Skip to content

Downtime in Manufacturing: Definition, Categories & Analysis

By Uwe Kobbert · Last updated: April 2026

TL;DR: Downtime is any period during planned production time when an asset is not producing good parts at target rate. It splits into planned (changeovers, PM, meetings) and unplanned (breakdowns, material starvation, quality holds, micro-stops), and its honest measurement is the single largest lever on OEE. The arithmetic is trivial. The hard part is that almost every plant that measures downtime for the first time through an MES discovers the real number is two to three times what the old paper-based estimate suggested — and that 30 to 50 percent of the losses hide in micro-stops shorter than two minutes that manual logging never captures at all.

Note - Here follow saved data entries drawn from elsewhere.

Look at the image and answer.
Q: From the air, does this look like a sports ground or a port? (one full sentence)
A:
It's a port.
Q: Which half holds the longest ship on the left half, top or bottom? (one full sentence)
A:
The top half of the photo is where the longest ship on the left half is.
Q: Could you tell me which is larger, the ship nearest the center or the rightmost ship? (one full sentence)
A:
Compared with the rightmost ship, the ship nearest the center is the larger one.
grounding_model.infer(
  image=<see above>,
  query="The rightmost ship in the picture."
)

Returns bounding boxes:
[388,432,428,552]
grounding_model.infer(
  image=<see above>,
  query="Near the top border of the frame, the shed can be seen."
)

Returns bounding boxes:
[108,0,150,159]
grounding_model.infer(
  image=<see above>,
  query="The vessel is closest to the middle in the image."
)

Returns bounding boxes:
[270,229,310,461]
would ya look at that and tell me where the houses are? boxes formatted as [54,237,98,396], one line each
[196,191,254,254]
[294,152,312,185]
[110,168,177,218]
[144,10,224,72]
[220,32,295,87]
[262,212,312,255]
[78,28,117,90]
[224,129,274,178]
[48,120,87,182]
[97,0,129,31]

What is downtime in manufacturing?

Downtime is any interval within scheduled production time during which a machine, line or asset is not producing good parts at the specified rate. It is the headline loss category in every production system that is measured seriously, and it is the direct enemy of availability — the first of the three OEE factors. ISO 22400 defines the relevant time frames (planned busy time, actual production time, down time) and VDI 3423 provides the German-language vocabulary used across most mid-market plants in the DACH region. Both frameworks agree on the essentials; they disagree, productively, on edge cases that every plant has to resolve for itself.

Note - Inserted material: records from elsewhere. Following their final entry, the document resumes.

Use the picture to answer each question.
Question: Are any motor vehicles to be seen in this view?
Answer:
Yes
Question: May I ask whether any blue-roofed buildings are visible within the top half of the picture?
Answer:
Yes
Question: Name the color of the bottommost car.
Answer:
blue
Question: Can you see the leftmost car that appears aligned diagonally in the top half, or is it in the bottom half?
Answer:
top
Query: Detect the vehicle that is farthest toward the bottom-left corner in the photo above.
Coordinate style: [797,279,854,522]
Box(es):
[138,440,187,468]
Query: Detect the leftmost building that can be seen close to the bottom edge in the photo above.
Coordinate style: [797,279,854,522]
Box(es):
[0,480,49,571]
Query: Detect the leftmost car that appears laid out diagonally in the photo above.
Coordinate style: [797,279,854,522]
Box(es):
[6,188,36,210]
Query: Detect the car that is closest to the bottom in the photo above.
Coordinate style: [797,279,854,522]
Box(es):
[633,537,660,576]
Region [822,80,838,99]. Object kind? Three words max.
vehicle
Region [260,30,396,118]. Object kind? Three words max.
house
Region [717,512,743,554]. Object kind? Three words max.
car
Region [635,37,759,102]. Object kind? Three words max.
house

What makes downtime different from every other production KPI is how unevenly it is distributed. A small number of stop reasons — typically three to five — cause the majority of the lost minutes. The rest is a long tail of one- and two-minute micro-stops that feel insignificant individually and add up to the single largest hidden loss in most discrete manufacturing operations. Anyone who has spent time on a shop floor has seen the pattern. The supervisor knows the two machines that fail every week. Nobody knows about the 14-second feeder jams that happen 80 times per shift.

How is downtime classified?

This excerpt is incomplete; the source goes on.